Count the lines in the records below that contain the word "units", and give that figure alone.

DATA:
=====

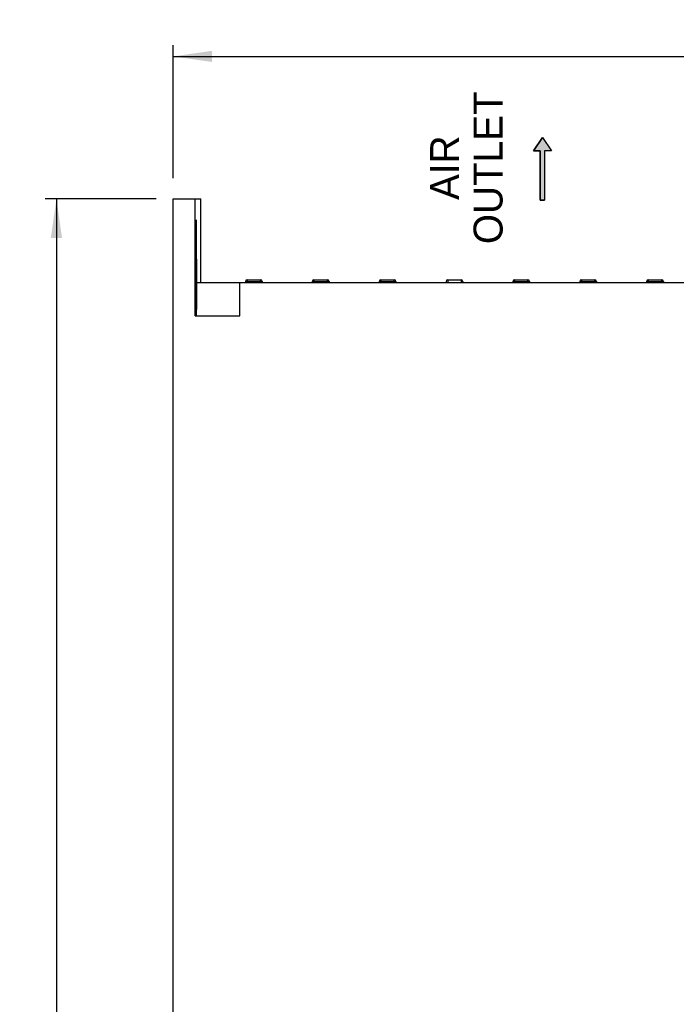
# Model space of a CAD drawing. Header units: millimetres. Extents: x 0 to 594, y 0 to 420.
# Tile 19 of 78: x 226 to 285, y 221 to 310. Entities that reach past the tile are written whole.
import ezdxf

# ---------------------------------------------------------------- set-up
doc = ezdxf.new("R2010")
doc.units = ezdxf.units.MM
doc.header["$LTSCALE"] = 32.67
doc.layers.get('0').update_dxf_attribs({"linetype": 'CONTINUOUS'})
doc.styles.get("Standard").update_dxf_attribs({"font": 'myriadpro-light.otf'})
doc.dimstyles.new('DIMSTYLE_1', dxfattribs={"dimtxt": 2.6, "dimasz": 3.5, "dimexe": 1, "dimexo": 0, "dimgap": 0.65, "dimtad": 1, "dimdsep": 46, "dimtxsty": 'STANDARD', "dimblk": '_FILLED', "dimblk1": '_FILLED', "dimblk2": '_FILLED', "dimcen": 0.09, "dimclrt": 5, "dimadec": 0, "dimazin": 0, "dimtp": 0.1, "dimtm": 0.1, "dimtfac": 1, "dimtofl": 0, "dimtmove": 0, "dimatfit": 3, "dimldrblk": '_FILLED', "dimfxl": 1, "dimtolj": 1, "dimarcsym": 0})

# ---------------------------------------------------------------- blocks, each defined once
blk = doc.blocks.new('_FILLED')
at = {"color": 0, "linetype": 'BYBLOCK'}
blk.add_solid([(0, 0), (-1, 0.143), (-1, -0.143)], dxfattribs=at)
blk = doc.blocks.new('*D13')
at = {"color": 2, "linetype": 'CONTINUOUS'}
for p, q in [((240.002, 303.326), (240.002, 307.576)), ((342.502, 303.326), (342.502, 307.576)), ((240.002, 306.576), (291.252, 306.576)), ((342.502, 306.576), (291.252, 306.576)), ((240.002, 295.649), (240.002, 303.326)), ((342.502, 261.135), (342.502, 303.326))]:
    blk.add_line(p, q, dxfattribs=at)
at = {"color": 2, "linetype": 'CONTINUOUS', "xscale": 3.5, "yscale": 3.5, "zscale": 3.5, "rotation": 180}
blk.add_blockref('_FILLED', (240.002, 306.576), dxfattribs=at)
at = {"color": 2, "linetype": 'CONTINUOUS', "xscale": 3.5, "yscale": 3.5, "zscale": 3.5}
blk.add_blockref('_FILLED', (342.502, 306.576), dxfattribs=at)
at = {"color": 5, "linetype": 'CONTINUOUS', "insert": (291.563, 309.826), "char_height": 2.6, "width": 6.46403, "attachment_point": 2, "line_spacing_factor": 0.9}
blk.add_mtext('205\\P[8.1]', dxfattribs=at)
blk = doc.blocks.new('*D14')
at = {"color": 2, "linetype": 'CONTINUOUS'}
for p, q in [((232.789, 293.78), (228.539, 293.78)), ((229.539, 293.78), (229.539, 208.53)), ((238.495, 293.78), (232.789, 293.78)), ((229.539, 123.28), (229.539, 208.53)), ((232.789, 123.28), (228.539, 123.28)), ((275.691, 123.28), (232.789, 123.28))]:
    blk.add_line(p, q, dxfattribs=at)
at = {"color": 2, "linetype": 'CONTINUOUS', "xscale": 3.5, "yscale": 3.5, "zscale": 3.5}
for p, rotation in [((229.539, 293.78), 90), ((229.539, 123.28), 270)]:
    blk.add_blockref('_FILLED', p, dxfattribs=dict(at, rotation=rotation))
at = {"color": 5, "linetype": 'CONTINUOUS', "insert": (226.289, 207.842), "char_height": 2.6, "width": 8.34466, "attachment_point": 2, "rotation": 90, "line_spacing_factor": 0.9}
blk.add_mtext('341\\P[13.4]', dxfattribs=at)
blk = doc.blocks.new('AIR_FLOW_ARROW_BL4', base_point=(273.153, 296.489))
at = {"linetype": 'CONTINUOUS'}
blk.add_hatch(color=2, dxfattribs=at).paths.add_polyline_path([(272.949, 298.09), (272.356, 298.09), (273.149, 299.291), (273.951, 298.09), (273.349, 298.09), (273.349, 293.686), (272.949, 293.686)])
at = {"color": 7, "linetype": 'CONTINUOUS'}
for p, q in [((273.149, 299.291), (272.356, 298.09)), ((273.149, 299.291), (273.951, 298.09)), ((272.356, 298.09), (272.949, 298.09)), ((272.949, 298.09), (272.949, 293.686)), ((273.349, 298.09), (273.349, 293.686)), ((273.951, 298.09), (273.349, 298.09)), ((272.949, 293.686), (273.349, 293.686))]:
    blk.add_line(p, q, dxfattribs=at)
at = {"color": 2, "linetype": 'CONTINUOUS'}
blk.add_lwpolyline([(272.949, 298.09), (272.356, 298.09), (273.149, 299.291), (273.951, 298.09), (273.349, 298.09), (273.349, 293.686), (272.949, 293.686), (272.949, 298.09)], dxfattribs=at)

msp = doc.modelspace()

# ---------------------------------------------------------------- linework, layer by layer
at = {"color": 7, "linetype": 'CONTINUOUS'}
for p, q in [((240.002, 159.78), (240.002, 293.78)), ((240.002, 293.78), (242.49, 293.78)), ((242.002, 283.28), (242.002, 293.78)), ((242.49, 286.28), (242.49, 293.78)), ((242.074, 291.68), (242.073, 291.626)), ((242.075, 291.729), (242.074, 291.68)), ((242.077, 291.772), (242.075, 291.729)), ((242.078, 291.791), (242.077, 291.772)), ((242.079, 291.826), (242.078, 291.809)), ((242.078, 291.809), (242.078, 291.791)), ((242.08, 291.841), (242.079, 291.826)), ((242.081, 291.854), (242.08, 291.841)), ((242.082, 291.876), (242.081, 291.866)), ((242.081, 291.866), (242.081, 291.854)), ((242.083, 291.885), (242.082, 291.876)), ((242.084, 291.892), (242.083, 291.885)), ((242.085, 291.898), (242.084, 291.892)), ((242.086, 291.904), (242.085, 291.902)), ((242.085, 291.902), (242.085, 291.898)), ((242.087, 291.905), (242.086, 291.904)), ((242.088, 291.904), (242.087, 291.905)), ((242.089, 291.902), (242.088, 291.904)), ((242.09, 291.898), (242.089, 291.902)), ((242.09, 291.892), (242.09, 291.898)), ((242.091, 291.885), (242.09, 291.892)), ((242.092, 291.876), (242.091, 291.885)), ((242.093, 291.866), (242.092, 291.876)), ((242.094, 291.854), (242.093, 291.866)), ((242.094, 291.841), (242.094, 291.854)), ((242.095, 291.826), (242.094, 291.841)), ((242.096, 291.809), (242.095, 291.826)), ((242.097, 291.791), (242.096, 291.809)), ((242.098, 291.751), (242.097, 291.791)), ((242.1, 291.705), (242.098, 291.751)), ((242.101, 291.653), (242.1, 291.705)), ((242.064, 290.901), (242.063, 290.764)), ((242.065, 291.035), (242.064, 290.901)), ((242.066, 291.163), (242.065, 291.035)), ((242.067, 291.284), (242.066, 291.163)), ((242.068, 291.361), (242.067, 291.284)), ((242.069, 291.434), (242.068, 291.361)), ((242.07, 291.502), (242.069, 291.434)), ((242.071, 291.566), (242.07, 291.502)), ((242.073, 291.626), (242.071, 291.566)), ((242.102, 291.597), (242.101, 291.653)), ((242.103, 291.535), (242.102, 291.597)), ((242.105, 291.469), (242.103, 291.535)), ((242.106, 291.398), (242.105, 291.469)), ((242.107, 291.323), (242.106, 291.398)), ((242.108, 291.245), (242.107, 291.323)), ((242.108, 291.163), (242.108, 291.245)), ((242.109, 291.035), (242.108, 291.163)), ((242.11, 290.901), (242.109, 291.035)), ((242.111, 290.764), (242.11, 290.901)), ((242.063, 290.764), (242.063, 290.624)), ((242.063, 290.624), (242.063, 288.912)), ((242.111, 290.624), (242.111, 290.764)), ((242.111, 288.912), (242.111, 290.624)), ((242.049, 288.177), (242.047, 288.047)), ((242.05, 288.302), (242.049, 288.177)), ((242.052, 288.42), (242.05, 288.302)), ((242.054, 288.533), (242.052, 288.42)), ((242.056, 288.638), (242.054, 288.533)), ((242.058, 288.737), (242.056, 288.638)), ((242.06, 288.784), (242.058, 288.737)), ((242.061, 288.828), (242.06, 288.784)), ((242.062, 288.871), (242.061, 288.828)), ((242.063, 288.912), (242.062, 288.871)), ((242.063, 288.912), (242.111, 288.912)), ((242.112, 288.871), (242.111, 288.912)), ((242.113, 288.828), (242.112, 288.871)), ((242.115, 288.784), (242.113, 288.828)), ((242.116, 288.737), (242.115, 288.784)), ((242.118, 288.638), (242.116, 288.737)), ((242.12, 288.533), (242.118, 288.638)), ((242.122, 288.42), (242.12, 288.533)), ((242.124, 288.302), (242.122, 288.42)), ((242.126, 288.177), (242.124, 288.302)), ((242.127, 288.047), (242.126, 288.177)), ((242.041, 287.33), (242.04, 287.176)), ((242.042, 287.481), (242.041, 287.33)), ((242.043, 287.628), (242.042, 287.481)), ((242.044, 287.772), (242.043, 287.628)), ((242.046, 287.912), (242.044, 287.772)), ((242.047, 288.047), (242.046, 287.912)), ((242.129, 287.912), (242.127, 288.047)), ((242.13, 287.772), (242.129, 287.912)), ((242.131, 287.628), (242.13, 287.772)), ((242.132, 287.481), (242.131, 287.628)), ((242.133, 287.33), (242.132, 287.481)), ((242.134, 287.176), (242.133, 287.33)), ((242.04, 287.021), (242.039, 286.863)), ((242.039, 286.863), (242.039, 286.705)), ((242.039, 286.705), (242.039, 286.546)), ((242.039, 286.546), (242.039, 286.387)), ((242.039, 286.387), (242.039, 286.229)), ((242.04, 287.176), (242.04, 287.021)), ((242.134, 287.021), (242.134, 287.176)), ((242.135, 286.863), (242.134, 287.021)), ((242.135, 286.705), (242.135, 286.863)), ((242.135, 286.546), (242.135, 286.705)), ((242.135, 286.387), (242.135, 286.546)), ((242.135, 286.229), (242.135, 286.387)), ((246.502, 286.38), (246.502, 286.28)), ((246.652, 286.53), (247.852, 286.53)), ((248.002, 286.38), (248.002, 286.28)), ((252.502, 286.38), (252.502, 286.28)), ((252.652, 286.53), (253.852, 286.53)), ((254.002, 286.38), (254.002, 286.28)), ((258.502, 286.38), (258.502, 286.28)), ((258.652, 286.53), (259.852, 286.53)), ((260.002, 286.38), (260.002, 286.28)), ((264.502, 286.38), (264.502, 286.28)), ((264.652, 286.53), (265.852, 286.53)), ((266.002, 286.38), (266.002, 286.28)), ((270.502, 286.38), (270.502, 286.28)), ((270.652, 286.53), (271.852, 286.53)), ((272.002, 286.38), (272.002, 286.28)), ((276.502, 286.38), (276.502, 286.28)), ((276.652, 286.53), (277.852, 286.53)), ((278.002, 286.38), (278.002, 286.28)), ((282.502, 286.38), (282.502, 286.28)), ((282.652, 286.53), (283.852, 286.53)), ((284.002, 286.38), (284.002, 286.28)), ((242.039, 286.229), (242.04, 286.071)), ((242.04, 286.071), (242.04, 285.915)), ((242.04, 285.915), (242.041, 285.761)), ((242.041, 285.761), (242.042, 285.61)), ((242.042, 285.61), (242.043, 285.461)), ((242.131, 285.461), (242.132, 285.61)), ((242.132, 285.61), (242.133, 285.761)), ((242.133, 285.761), (242.134, 285.915)), ((242.134, 286.071), (242.135, 286.229)), ((242.134, 285.915), (242.134, 286.071)), ((242.143, 285.42), (242.144, 285.588)), ((242.144, 285.588), (242.145, 285.759)), ((242.145, 286.106), (242.146, 286.28)), ((242.145, 285.932), (242.145, 286.106)), ((242.145, 285.759), (242.145, 285.932)), ((242.146, 286.28), (341.014, 286.28)), ((246.002, 283.28), (246.002, 286.28)), ((242.043, 285.461), (242.044, 285.317)), ((242.044, 285.317), (242.045, 285.176)), ((242.045, 285.176), (242.047, 285.04)), ((242.047, 285.04), (242.048, 284.909)), ((242.048, 284.909), (242.05, 284.783)), ((242.05, 284.783), (242.052, 284.663)), ((242.052, 284.663), (242.054, 284.549)), ((242.12, 284.549), (242.122, 284.663)), ((242.122, 284.663), (242.124, 284.783)), ((242.124, 284.783), (242.126, 284.909)), ((242.126, 284.909), (242.127, 285.04)), ((242.127, 285.04), (242.129, 285.176)), ((242.129, 285.176), (242.13, 285.317)), ((242.13, 285.317), (242.131, 285.461)), ((242.135, 284.489), (242.137, 284.632)), ((242.137, 284.632), (242.139, 284.78)), ((242.139, 284.78), (242.14, 284.934)), ((242.14, 284.934), (242.141, 285.092)), ((242.141, 285.092), (242.142, 285.254)), ((242.142, 285.254), (242.143, 285.42)), ((242.054, 284.549), (242.056, 284.442)), ((242.056, 284.442), (242.058, 284.342)), ((242.058, 284.342), (242.059, 284.295)), ((242.059, 284.295), (242.06, 284.25)), ((242.06, 284.25), (242.061, 284.206)), ((242.061, 284.206), (242.063, 284.165)), ((242.063, 284.165), (242.064, 284.125)), ((242.064, 284.125), (242.065, 284.088)), ((242.065, 284.088), (242.066, 284.052)), ((242.066, 284.052), (242.068, 284.019)), ((242.068, 284.019), (242.069, 283.987)), ((242.069, 283.987), (242.07, 283.958)), ((242.07, 283.958), (242.071, 283.931)), ((242.071, 283.931), (242.073, 283.906)), ((242.073, 283.906), (242.074, 283.883)), ((242.074, 283.883), (242.075, 283.863)), ((242.075, 283.863), (242.077, 283.845)), ((242.077, 283.845), (242.078, 283.829)), ((242.078, 283.829), (242.079, 283.815)), ((242.079, 283.815), (242.081, 283.803)), ((242.081, 283.803), (242.082, 283.794)), ((242.082, 283.794), (242.084, 283.787)), ((242.084, 283.787), (242.085, 283.783)), ((242.085, 283.783), (242.086, 283.78)), ((242.086, 283.78), (242.087, 283.78)), ((242.087, 283.78), (242.088, 283.78)), ((242.088, 283.78), (242.089, 283.783)), ((242.089, 283.783), (242.091, 283.787)), ((242.091, 283.787), (242.092, 283.794)), ((242.092, 283.794), (242.093, 283.803)), ((242.093, 283.803), (242.095, 283.815)), ((242.095, 283.815), (242.096, 283.829)), ((242.096, 283.829), (242.097, 283.845)), ((242.097, 283.845), (242.099, 283.863)), ((242.099, 283.863), (242.1, 283.883)), ((242.1, 283.883), (242.101, 283.906)), ((242.101, 283.906), (242.103, 283.931)), ((242.103, 283.931), (242.104, 283.958)), ((242.104, 283.958), (242.105, 283.987)), ((242.105, 283.987), (242.107, 284.019)), ((242.107, 284.019), (242.108, 284.052)), ((242.108, 284.052), (242.109, 284.088)), ((242.109, 284.088), (242.11, 284.125)), ((242.11, 284.125), (242.112, 284.165)), ((242.112, 284.165), (242.113, 284.206)), ((242.113, 284.206), (242.114, 284.25)), ((242.114, 284.25), (242.115, 284.295)), ((242.115, 284.295), (242.116, 284.342)), ((242.116, 284.342), (242.118, 284.442)), ((242.118, 284.442), (242.12, 284.549)), ((242.119, 283.682), (242.121, 283.727)), ((242.121, 283.727), (242.122, 283.774)), ((242.122, 283.774), (242.123, 283.823)), ((242.123, 283.823), (242.124, 283.874)), ((242.124, 283.874), (242.126, 283.927)), ((242.126, 283.927), (242.127, 283.982)), ((242.127, 283.982), (242.128, 284.039)), ((242.128, 284.039), (242.129, 284.098)), ((242.129, 284.098), (242.131, 284.222)), ((242.131, 284.222), (242.133, 284.352)), ((242.133, 284.352), (242.135, 284.489)), ((242.002, 283.28), (246.002, 283.28)), ((242.093, 283.28), (242.095, 283.281)), ((242.095, 283.281), (242.096, 283.285)), ((242.096, 283.285), (242.098, 283.292)), ((242.098, 283.292), (242.099, 283.3)), ((242.099, 283.3), (242.101, 283.312)), ((242.101, 283.312), (242.102, 283.326)), ((242.102, 283.326), (242.104, 283.342)), ((242.104, 283.342), (242.105, 283.361)), ((242.105, 283.361), (242.107, 283.382)), ((242.107, 283.382), (242.108, 283.406)), ((242.108, 283.406), (242.11, 283.432)), ((242.11, 283.432), (242.111, 283.461)), ((242.111, 283.461), (242.113, 283.492)), ((242.113, 283.492), (242.114, 283.526)), ((242.114, 283.526), (242.115, 283.561)), ((242.115, 283.561), (242.117, 283.599)), ((242.117, 283.599), (242.118, 283.64)), ((242.118, 283.64), (242.119, 283.682))]:
    msp.add_line(p, q, dxfattribs=at)
at = {"color": 9, "linetype": 'CONTINUOUS'}
for p, q in [((242.063, 290.53), (242.111, 290.53)), ((246.502, 286.38), (248.002, 286.38)), ((246.652, 286.53), (246.652, 286.28)), ((247.852, 286.28), (247.852, 286.53)), ((252.502, 286.38), (254.002, 286.38)), ((252.652, 286.53), (252.652, 286.28)), ((253.852, 286.28), (253.852, 286.53)), ((258.502, 286.38), (260.002, 286.38)), ((258.652, 286.53), (258.652, 286.28)), ((259.852, 286.28), (259.852, 286.53)), ((264.652, 286.53), (264.652, 286.28)), ((265.852, 286.53), (265.852, 286.28)), ((270.502, 286.38), (272.002, 286.38)), ((270.652, 286.53), (270.652, 286.28)), ((271.852, 286.28), (271.852, 286.53)), ((276.502, 286.38), (278.002, 286.38)), ((276.652, 286.53), (276.652, 286.28)), ((277.852, 286.28), (277.852, 286.53)), ((282.502, 286.38), (284.002, 286.38)), ((282.652, 286.53), (282.652, 286.28)), ((283.852, 286.28), (283.852, 286.53))]:
    msp.add_line(p, q, dxfattribs=at)
at = {"color": 7, "linetype": 'CONTINUOUS'}
for centre, start, end in [((246.652, 286.38), 90, 180), ((247.852, 286.38), 0, 90), ((252.652, 286.38), 90, 180), ((253.852, 286.38), 0, 90), ((258.652, 286.38), 90, 180), ((259.852, 286.38), 0, 90), ((264.652, 286.38), 90, 180), ((265.852, 286.38), 0, 90), ((270.652, 286.38), 90, 180), ((271.852, 286.38), 0, 90), ((276.652, 286.38), 90, 180), ((277.852, 286.38), 0, 90), ((282.652, 286.38), 90, 180), ((283.852, 286.38), 0, 90)]:
    msp.add_arc(centre, 0.15, start, end, dxfattribs=at)

# ---------------------------------------------------------------- block references
at = {"color": 2, "linetype": 'CONTINUOUS'}
msp.add_blockref('AIR_FLOW_ARROW_BL4', (273.153, 296.489), dxfattribs=at)

# ---------------------------------------------------------------- texts
at = {"color": 5, "linetype": 'CONTINUOUS', "insert": (263.072, 296.585), "char_height": 2.6, "width": 12.14704, "attachment_point": 2, "rotation": 90, "line_spacing_factor": 0.9}
msp.add_mtext('AIR\\POUTLET', dxfattribs=at)

# ---------------------------------------------------------------- dimensions: what is measured, and where the dimension line sits
at = {"color": 2, "linetype": 'CONTINUOUS'}
for base, p1, p2, angle, text, picture, middle in [((240.002, 306.576), (342.502, 261.135), (240.002, 295.649), 180, '205\\P[8.1]', '*D13', (291.563, 306.576)), ((229.539, 123.28), (238.495, 293.78), (275.691, 123.28), 270, '341\\P[13.4]', '*D14', (229.539, 207.842))]:
    dim = msp.add_linear_dim(base=base, p1=p1, p2=p2, angle=angle, text=text, dimstyle='DIMSTYLE_1', override={"dimtad": 4}, dxfattribs=at)
    dim.commit()
    dim.dimension.update_dxf_attribs({"geometry": picture, "text_midpoint": middle, "dimtype": 160})

doc.saveas('drawing.dxf')

=====

ANSWER BOX: 2